Check, Please

Photo credit: Sheri Wetherell, CC BY 2.0.
Does anyone write checks anymore? As I considered how to pre-pay for a work holiday luncheon, I pondered that question. I couldn’t remember the last time that I wrote a check. It had to be at least seven or eight years ago.
When I was in junior high, we were taught how to write checks. Thinking back more than 45 years, I have no idea what class considered check-writing part of the curriculum. Home Economics? Math? A Life Skills class that was trendy in the ’70s?
After my mother died when I was 13, my father put my name on the joint checking account. Because my father was illiterate, I became his authorized check-writer, filling in the lines so he could sign it. After his death in December 1975, the account became exclusively mine. Each month, I dutifully deposited my Social Security check and wrote checks for my expenses. Once I graduated and entered the working world, I deposited my wages and balanced my checkbook every month.
When I moved to California in 1988 and started working, I had to select a new bank. I went into a bank branch close to my new job and opened an account. It was tedious to write a check and put it in the mail, hoping that it would be posted by the due date of a utility or credit card payment. Once direct deposit became available, it made life a lot easier.
Around 2004 or so, I became entangled in the world of payday loans. Each payday, I rushed to the bank to get the money to pay off the previous week’s loan. Many times, I renewed the loan to pay off another lender, sometimes having open accounts with three lenders at the same time. It was an unending cycle of loss, paying $300 each time for a $250 loan. I don’t want to even contemplate how much money I spent in fees over the years, but I’m sure that it was in the thousands.
Once my temporary job ended, there was no way to pay back the money or stop the overdraft fees. After a few weeks, my checking account was closed. The box of leopard print checks that I had in my bedroom drawer was now nothing more than potential animal print confetti. I was relegated to a world run by cash and money orders.

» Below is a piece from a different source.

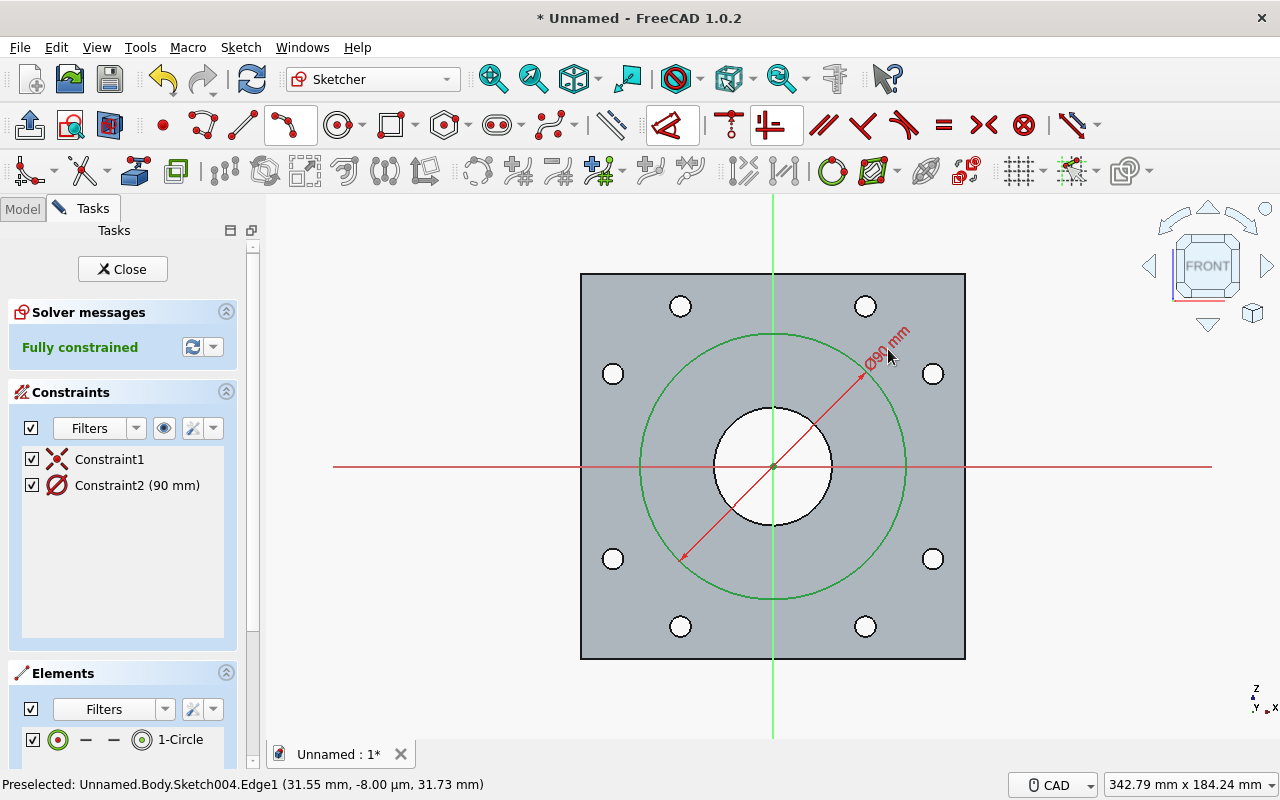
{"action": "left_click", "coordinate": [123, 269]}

In February 2012, when I was homeless in Santa Monica, I needed to cash a check for $700. A month earlier, I had applied for a grant for writers in crisis and was awarded funds to help me find temporary housing while I looked for a job. I went to the bank on which the check was drawn, but was told that the check could only be deposited in an account, not cashed outright.
Tearfully, I talked to a bank representative. I explained my situation and told him how I had lost my last checking account. After listening to my story, he went to talk to the manager. A few minutes later, he returned to his desk with the branch manager. The manager said that he would authorize a checking account. He said that lots of people came into the bank with their stories, but mine was one of the few believable ones.
I was given a checking account, with one limitation—no checks. If there wasn’t enough money in my account to cover a transaction, it would be denied (for a fee). I was glad to have my new checkless checking account. I was able to move into a temporary living situation for a month. Over five years have passed since that memorable day and I still have the same checking account. Every payday, when my biweekly wages are deposited, I am thankful to that banking manager for having faith in me.
Who needs checks these days? Sometimes I see senior citizens writing them at the grocery store, but even that is becoming a rare occurrence. The only expense I have that requires a paper payment is my rent. I pay an extra fee each month for a cashier’s check, which can be cancelled if it were lost or stolen. Online banking has made paying bills a lot faster and easier. I pay the rest of my monthly expenses by using a debit card or authorizing a bank transfer. Luckily, I haven’t been the victim of identity theft. Are checks safer than the payment methods that we use today? A forged check may be easier to discover than a fraudulent online bank transaction. But I will probably never write personal checks again.
I found out that I could pay cash at the door for the luncheon. Who carries cash?
Beatrice M. Hogg is a coal-miner’s daughter and freelance writer who was raised in Western Pennsylvania and has lived in Northern California for twenty-five years, where she wrote her novel, Three Chords One Song, and continues to write about music and life in general.